A good (not older than after the latest approved change) baseline to compare with, is also a good friend to hold hands with, when performance goes down the drain, to drill down to what is the root cause i.e what is changed in the current processing load, compared to how it has been earlier. As is one from before the latest change. But I would follow Pauls lead first, of course. :)
The most fun thing about our jobs as a DBA is these performance issues come out of nowhere with no warning, and since our company has developers from all over the country it's challenging to ping them all to ask if they changed anything. The first thing I do personally is go to my monitoring tool and dig in to the active sessions – something sp_WhoIsActive is outstanding for if you don't have a monitoring tool. At the very least I can determine the obvious – runaway sessions, long running jobs, etc. I will send an email out to all developers telling them to close any connections to production (SSMS, profiler traces, etc. – and yes, I know what most will be thinking; it's called compromise). If nothing rears its ugly head, I'll fire up my profiler traces and filter for Duration/Reads/CPU to see if anything shows up. Normally something will show up, like high duration with relatively low CPU utilization, or particular statements taking 30000 milliseconds to execute (a timeout basically). While profiler data is being collected, I'll run this query to find out what objects have been modified recently – that's often much quicker than asking for me.

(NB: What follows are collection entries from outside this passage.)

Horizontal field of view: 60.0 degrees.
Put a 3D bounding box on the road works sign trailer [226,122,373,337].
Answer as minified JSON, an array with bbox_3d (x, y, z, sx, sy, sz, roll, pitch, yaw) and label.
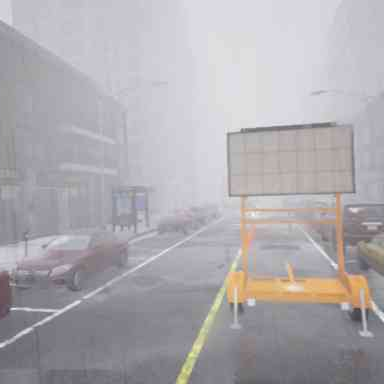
[{"bbox_3d":[1.966,0.467,6.729,2.380,3.560,2.880,-2,-1,13],"label":"road works sign trailer"}]

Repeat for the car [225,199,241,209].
[{"bbox_3d":[6.529,1.839,52.647,1.947,1.339,4.313,-2,-1,13],"label":"car"}]

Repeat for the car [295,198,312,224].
[{"bbox_3d":[8.776,1.394,23.840,1.967,1.590,4.097,-2,-1,13],"label":"car"}]

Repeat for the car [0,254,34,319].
[{"bbox_3d":[-4.391,1.711,4.136,1.887,1.381,4.507,-2,-1,13],"label":"car"}]

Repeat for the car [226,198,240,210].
[{"bbox_3d":[5.317,1.843,47.257,1.802,1.307,4.206,-2,-1,13],"label":"car"}]

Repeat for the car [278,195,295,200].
[{"bbox_3d":[14.838,1.328,50.785,2.192,1.841,5.009,-2,-1,13],"label":"car"}]

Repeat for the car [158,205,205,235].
[{"bbox_3d":[-0.751,1.747,20.306,1.887,1.381,4.507,-2,-1,13],"label":"car"}]

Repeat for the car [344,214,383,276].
[{"bbox_3d":[5.177,1.444,7.839,1.752,1.417,4.829,-2,-1,13],"label":"car"}]

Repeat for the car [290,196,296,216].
[{"bbox_3d":[9.989,1.406,29.229,1.967,1.590,4.097,-2,-1,13],"label":"car"}]

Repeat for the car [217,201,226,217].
[{"bbox_3d":[1.676,1.792,31.086,1.947,1.339,4.313,-2,-1,13],"label":"car"}]

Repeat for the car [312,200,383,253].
[{"bbox_3d":[6.347,1.245,13.064,2.192,1.841,5.009,-2,-1,13],"label":"car"}]

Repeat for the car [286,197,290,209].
[{"bbox_3d":[11.206,1.528,34.617,2.008,1.369,4.403,-2,-1,13],"label":"car"}]

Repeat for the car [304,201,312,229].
[{"bbox_3d":[7.603,1.468,18.617,1.752,1.417,4.829,-2,-1,13],"label":"car"}]

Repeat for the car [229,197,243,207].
[{"bbox_3d":[7.739,1.725,58.039,1.967,1.590,4.097,-2,-1,13],"label":"car"}]

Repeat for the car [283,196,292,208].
[{"bbox_3d":[12.418,1.540,40.005,2.008,1.369,4.403,-2,-1,13],"label":"car"}]

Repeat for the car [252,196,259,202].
[{"bbox_3d":[12.463,1.620,66.890,1.882,1.535,5.008,-2,-1,13],"label":"car"}]

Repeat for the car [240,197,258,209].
[{"bbox_3d":[7.987,1.785,47.385,1.895,1.301,4.718,-2,-1,13],"label":"car"}]

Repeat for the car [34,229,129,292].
[{"bbox_3d":[-3.177,1.761,9.526,1.802,1.307,4.206,-2,-1,13],"label":"car"}]

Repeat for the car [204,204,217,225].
[{"bbox_3d":[0.463,1.780,25.696,1.947,1.339,4.313,-2,-1,13],"label":"car"}]

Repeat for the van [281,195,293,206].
[{"bbox_3d":[16.052,1.366,56.174,1.690,1.788,3.998,-2,-1,13],"label":"van"}]

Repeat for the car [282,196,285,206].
[{"bbox_3d":[13.632,1.567,45.394,1.947,1.339,4.313,-2,-1,13],"label":"car"}]
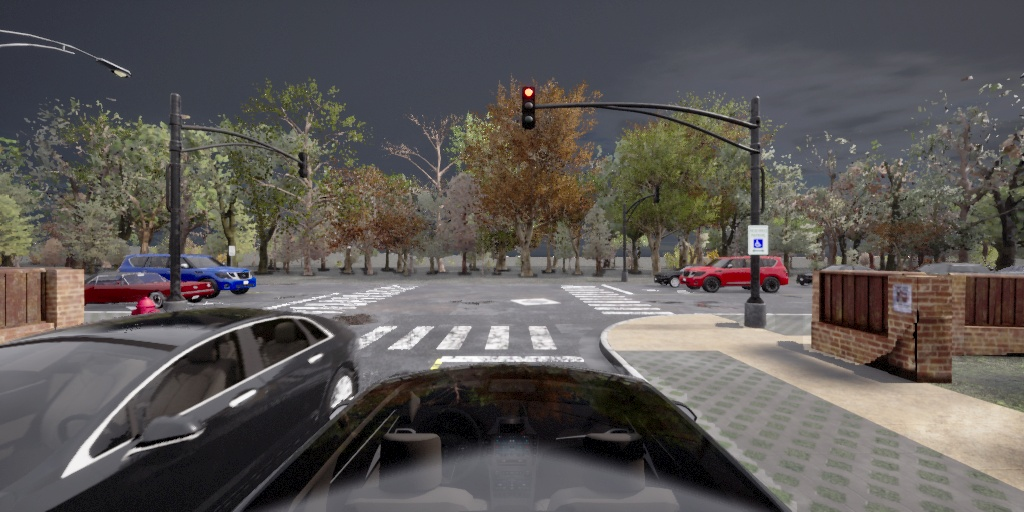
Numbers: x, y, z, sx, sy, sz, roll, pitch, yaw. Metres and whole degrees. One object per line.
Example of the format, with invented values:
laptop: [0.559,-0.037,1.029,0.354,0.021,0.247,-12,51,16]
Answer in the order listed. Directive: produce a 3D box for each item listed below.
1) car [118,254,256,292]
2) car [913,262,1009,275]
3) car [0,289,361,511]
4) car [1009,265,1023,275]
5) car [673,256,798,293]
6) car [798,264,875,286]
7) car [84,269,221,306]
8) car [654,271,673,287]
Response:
car: [-15.561,0.916,17.247,5.566,2.045,2.150,0,0,0]
car: [24.889,1.195,20.747,4.553,1.767,2.097,0,0,0]
car: [-2.836,1.255,2.687,1.837,1.490,4.892,0,0,0]
car: [34.605,1.369,23.995,4.902,1.511,2.128,0,0,0]
car: [12.745,1.025,20.735,5.566,2.045,2.150,0,0,0]
car: [21.878,1.315,23.995,5.008,1.535,1.882,0,0,0]
car: [-14.634,1.294,13.997,4.718,1.301,1.895,0,0,-3]
car: [12.116,1.283,23.986,5.008,1.535,1.882,0,0,0]

The key is to remain calm and not start pulling levers/restarting instances prematurely, else you will lose a lot of valuable data that not only would have helped determine the root case, but quite possibly prevent it from happening in the future.
The problem I think most DBA's have with wait stats is that they forget they are cumulative (including maintenance tasks, etc.). As Kevin noted, you have to gather and compare them over intervals to determine what the issue is between two recent points in time.
Great topic – side bar: I actually had a performance issue crop up the other day and it turned out that stats being updated on an index resulted in an entirely new execution plan for a job step – it went from 45 minutes! Introducing an appropriate index fixed the job step and eventually I found the log entry for the updated stats (from Ola's logging mechanism). It matched up perfectly with the performance degradation. Go figure!